Outro fator que prejudica o real num cenário como o atual guarda relação com o perfil da balança comercial brasileira, bastante concentrada em commodities. Diante do peso significativo das exportações de matérias-primas, o real acaba oscilando ao sabor desse mercado. Com commodities em alta e economias mundiais aquecidas, o Brasil vende mais e, em troca, recebe mais dólares. Com a clara redução do crescimento global (e dos Estados Unidos), conforme ficou evidente nas novas estimativas do FMI divulgadas nesta terça-feira, a tendência hoje é que, desde já, o fluxo da moeda americana em direção ao país perca força.

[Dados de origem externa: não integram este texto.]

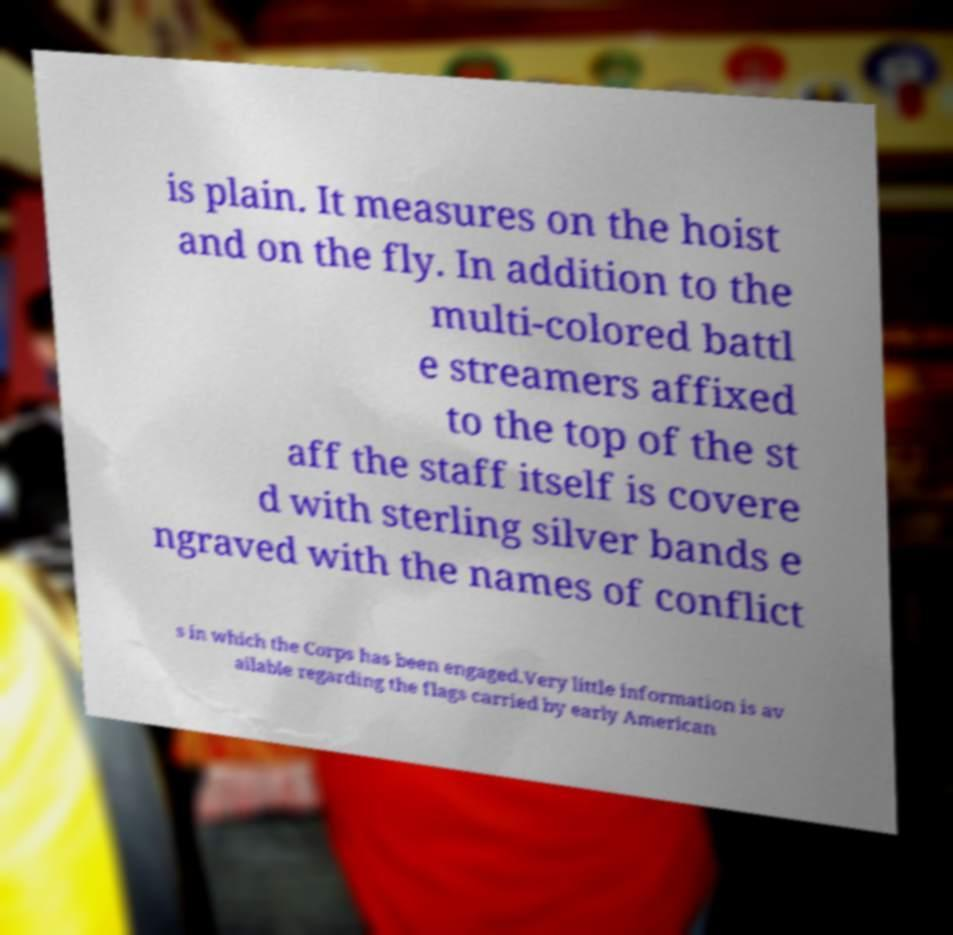Could you assist in decoding the text presented in this image and type it out clearly? is plain. It measures on the hoist and on the fly. In addition to the multi-colored battl e streamers affixed to the top of the st aff the staff itself is covere d with sterling silver bands e ngraved with the names of conflict s in which the Corps has been engaged.Very little information is av ailable regarding the flags carried by early American

A nova estratégia do Fed – Entre 2010 e o primeiro semestre de 2011, outro fator que pressionou o dólar para baixo foi a política de afrouxamento quantitativo aplicada pelo Federal Reserve (Fed), o Banco Central dos Estados Unidos, como alternativa para injetar liquidez no mercado americano. Ela consistia na compra antecipada de títulos do Tesouro americano em troca de bilhões de dólares que eram despejados nos bancos do país. Tal movimento deveria ter aquecido a economia, caso os americanos estivessem dispostos a tomar crédito nas instituições financeiras – fato que não ocorreu.

Agora, a autoridade monetária americana prevê outro caminho que não envolve a injeção de dólares no mercado. Trata-se do “twist”, que consiste na troca de títulos de curto prazo da dívida americana por papéis de longo prazo. Com isso, a demanda por esses ativos aumenta e os juros de longo prazo no país tendem a diminuir. O objetivo é que a medida estimule os investimentos de longo prazo nos Estados Unidos.

Por não envolver aumento de liquidez no mercado, alguns economistas cogitam que tal medida poderia dar novo impulso à valorização do dólar. No entanto, ao que tudo indica, a medida terá pouco efeito – até menos do que o afrouxamento quantitativo. “Não terá um impacto sobre o câmbio, mas sim sobre os juros, mostrando aos investidores que eles conseguirão melhores taxas para investir no país”, afirma o economista-sênior do banco Santander Cristiano Souza. Se o “twist” não garantirá a subida do dólar, a situação europeia – ainda incerta e desafiadora – pode continuar provocando uma apreciação da moeda americana. Segundo Souza, o banco Santander está revisando suas perspectivas e já projeta a moeda a um valor de 1,90 real em 2012.